Successful adoption of AI in government needs a clear vision and practical steps to implementation, according to two government representatives and two speakers from large tech firms at Capita’s recent summit.
With the launch of ChatGPT in late 2022, innovation was democratised with the ability for anyone to send instructions in natural language and create speech, text, images, and video.
This democratisation is the key opportunity for government, offering entire organisations and citizens the tools to build new things.
However, there needs to be a central, governed platform, otherwise people will find their own way – leading to ‘shadow AI’ that isn’t authorised or is tried and abandoned.
Becoming a ‘frontier firm’
The Government has unveiled a £47bn investment plan in AI, which is dependent on ramping up AI adoption.

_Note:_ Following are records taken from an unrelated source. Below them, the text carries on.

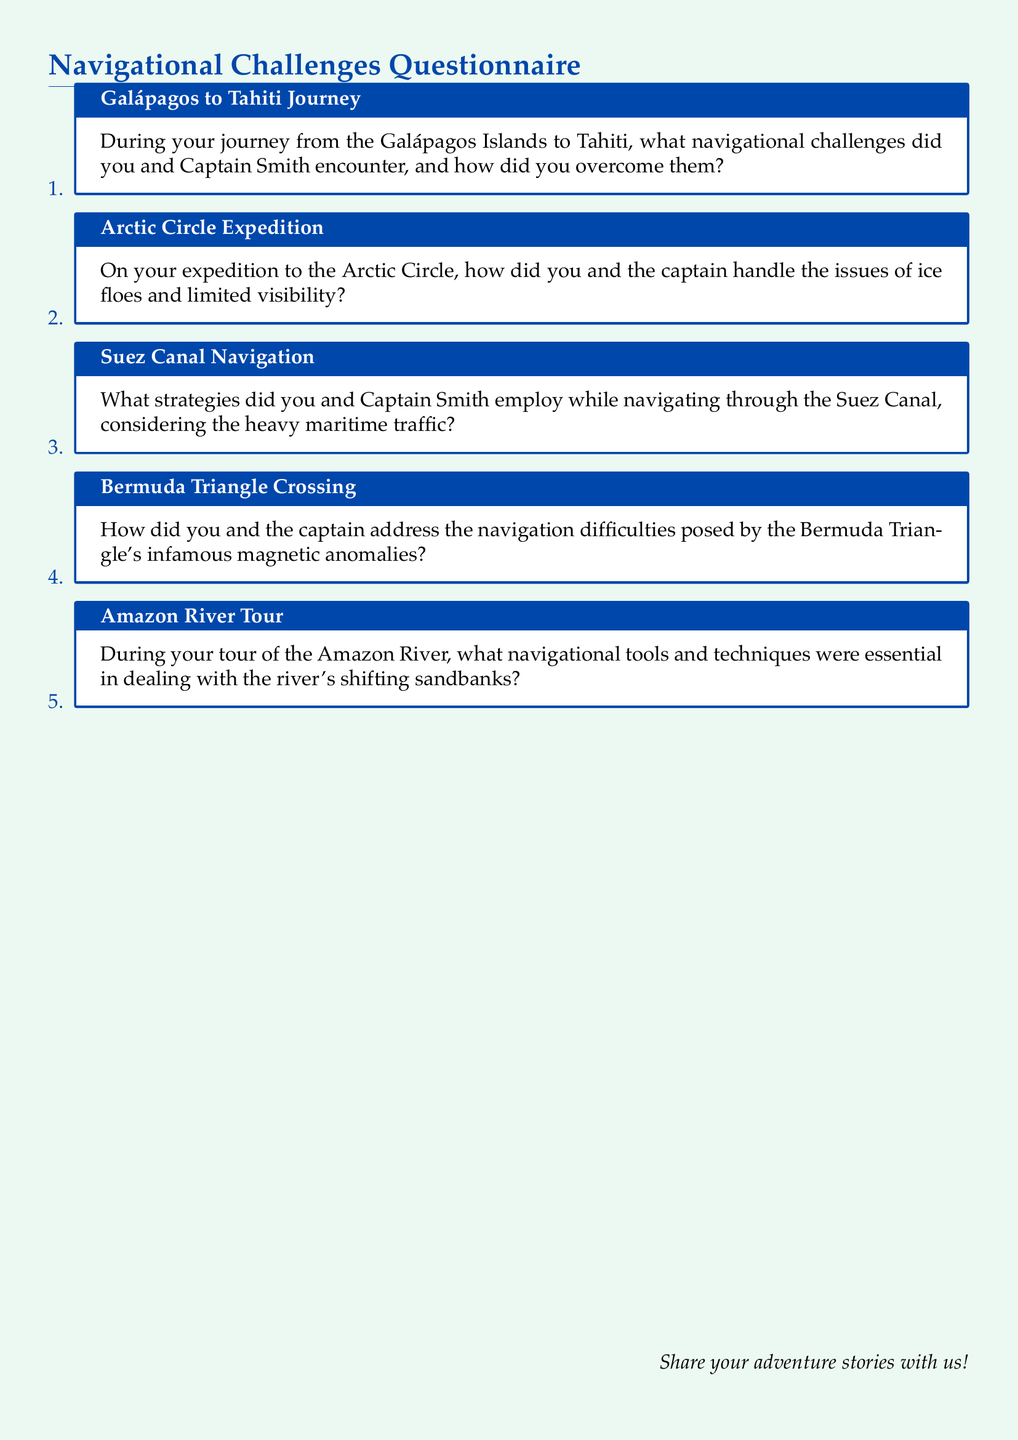What is the title of the document? The title of the document is centered at the top and reads "Navigational Challenges Questionnaire."
Answer: Navigational Challenges Questionnaire How many journeys are mentioned in the document? The document lists five distinct journeys or expeditions related to navigational challenges.
Answer: 5 What is the first journey listed? The first journey mentioned in the document is from the Galápagos Islands to Tahiti.
Answer: Galápagos to Tahiti Journey What specific navigational issue is posed in the Bermuda Triangle? The document states that the navigational difficulty in the Bermuda Triangle arises from infamous magnetic anomalies.
Answer: Magnetic anomalies What is the main navigational tool addressed in the Amazon River Tour? The document highlights the essential navigational tools and techniques needed to navigate the river's shifting sandbanks.
Answer: Navigational tools and techniques What was Captain Smith's role in the journeys? Captain Smith is mentioned as a key figure who encountered navigational challenges alongside the blogger.
Answer: Captain 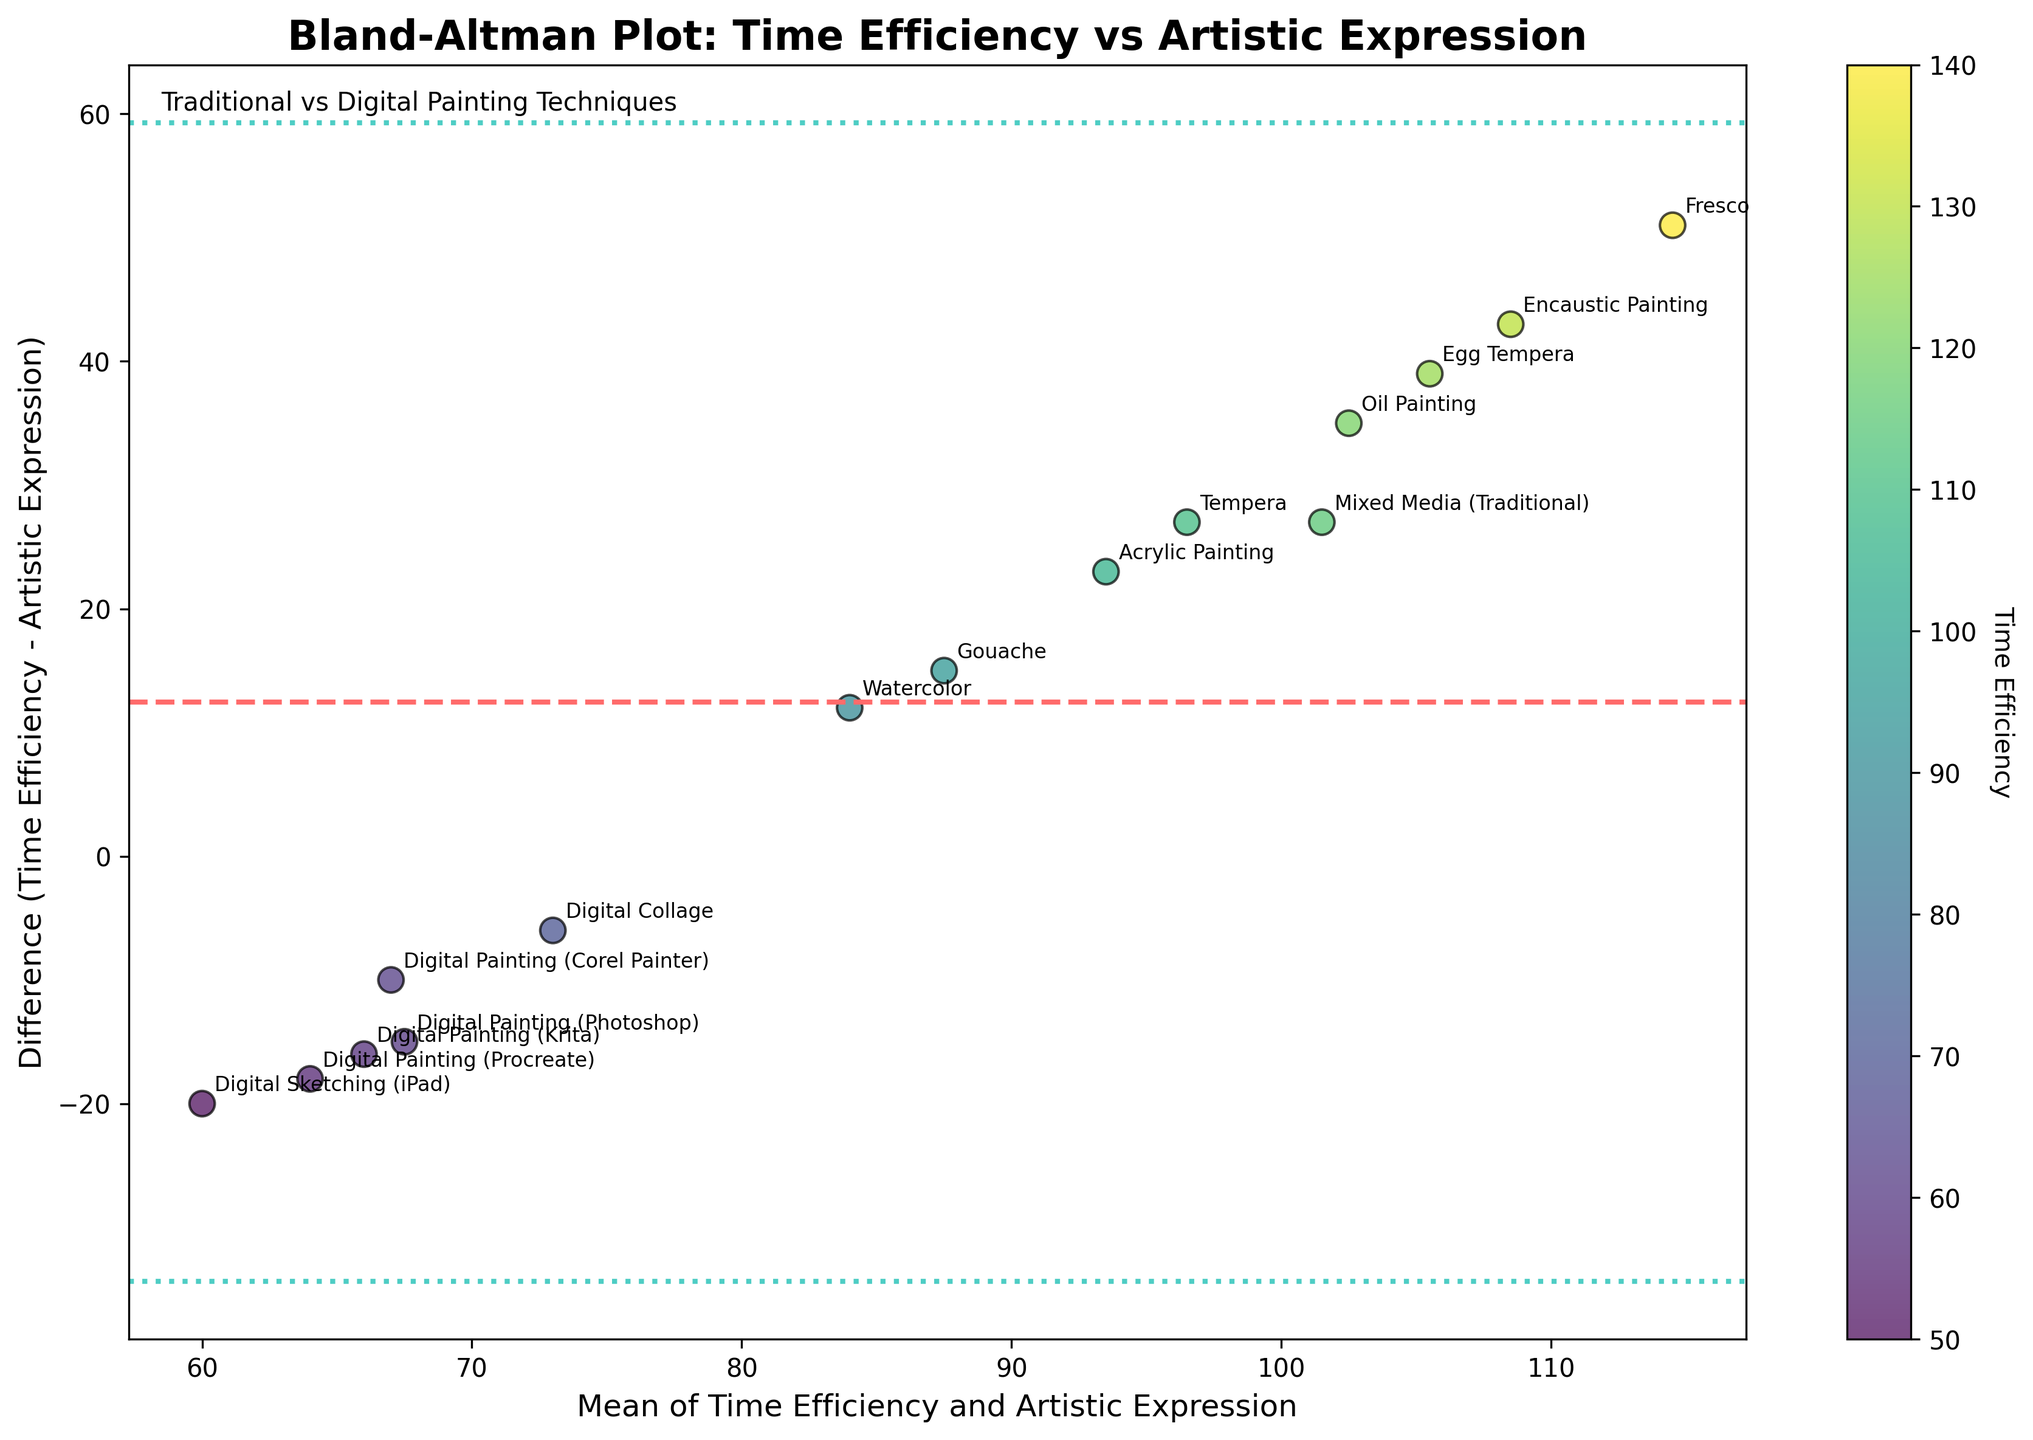How many data points are shown in the plot? By counting the number of scatter points on the plot, we see there are 15 points, each representing a different painting technique.
Answer: 15 What is the title of the plot? The title is displayed at the top of the plot. It reads "Bland-Altman Plot: Time Efficiency vs Artistic Expression".
Answer: Bland-Altman Plot: Time Efficiency vs Artistic Expression Which technique has the highest mean value of Time Efficiency and Artistic Expression? The technique with the highest mean value is identified by finding the highest point along the x-axis. For Fresco, the average is (140+89)/2=114.5, and it displays the highest mean value.
Answer: Fresco What is the mean difference between Time Efficiency and Artistic Expression? The mean difference is shown by the horizontal dashed line. Observing the plot, the line is approximately at 20.
Answer: ~20 Are there any techniques plotted below the lower limit of agreement? The lower limit of agreement is represented by the lower dotted line. No points are located below this line, so there aren't any techniques below the lower limit.
Answer: No Which digital painting technique has the lowest Time Efficiency? By identifying the digital techniques and observing their Time Efficiency, Digital Sketching (iPad) has the lowest Time Efficiency value of 50.
Answer: Digital Sketching (iPad) How are traditional and digital techniques represented in terms of color? The colors correspond to Time Efficiency, with the color bar showing the range from lower to higher values. Both traditional and digital techniques are represented using shades from the color map 'viridis'.
Answer: Shades of a color map Which technique has the smallest difference between Time Efficiency and Artistic Expression? The smallest difference is close to the most central point along the y-axis. For the Acrylic Painting technique, the difference is (105-82)=23, which is small compared to others.
Answer: Acrylic Painting What is the standard deviation range in this plot? The standard deviation range is visually indicated between the two dotted lines. These lines show mean ± 1.96 * sd. Observing the plot, the range is approximately between 5 and 35.
Answer: ~5 to ~35 Which technique has the largest positive difference between Time Efficiency and Artistic Expression? The technique with the largest positive difference can be found by looking for the highest point on the y-axis. For Fresco, the difference is (140-89)=51, the largest positive difference observed.
Answer: Fresco 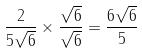<formula> <loc_0><loc_0><loc_500><loc_500>\frac { 2 } { 5 \sqrt { 6 } } \times \frac { \sqrt { 6 } } { \sqrt { 6 } } = \frac { 6 \sqrt { 6 } } { 5 }</formula> 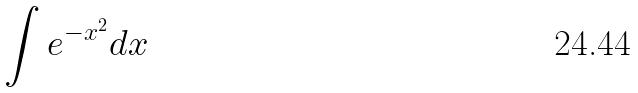Convert formula to latex. <formula><loc_0><loc_0><loc_500><loc_500>\int e ^ { - x ^ { 2 } } d x</formula>

One tech speaker described the imperative for government departments to become ‘frontier firms’ – on the journey to embed AI in pretty much everything.
This happens in three stages:
- Using software with embedded AI, e.g. Copilot chat, that’s free to use. This is how people will build skills, so the tech speakers recommended giving it to as many people as possible.
- Become an ‘agent boss’ using agentic AI that can make decisions and have a human in the loop to action next steps, and provide oversight and control.
- Evolve to ‘agentic organisations’ where one person oversees a host of automated agents, doing basic repeatable processes.
How things can change
The speakers shared several use cases that could be explored across government.
For example, one government speaker mentioned a chat app that been trialled to help users interact with 700,000 pages of content more intuitively. Another described a pilot to look at agentic flows where people can get support looking for jobs or educational opportunities that fit around their life and commitments.
A speaker from a large tech firm talked about helping government departments to reimagine process flows from the perspective of customer experience and satisfaction. He described typical calls to a regulator, sometimes about whistleblowing, which can last up to 30 minutes. An AI summary transcript can save an agent 10 minutes after the call – but still there was potential to transform the service for the citizen.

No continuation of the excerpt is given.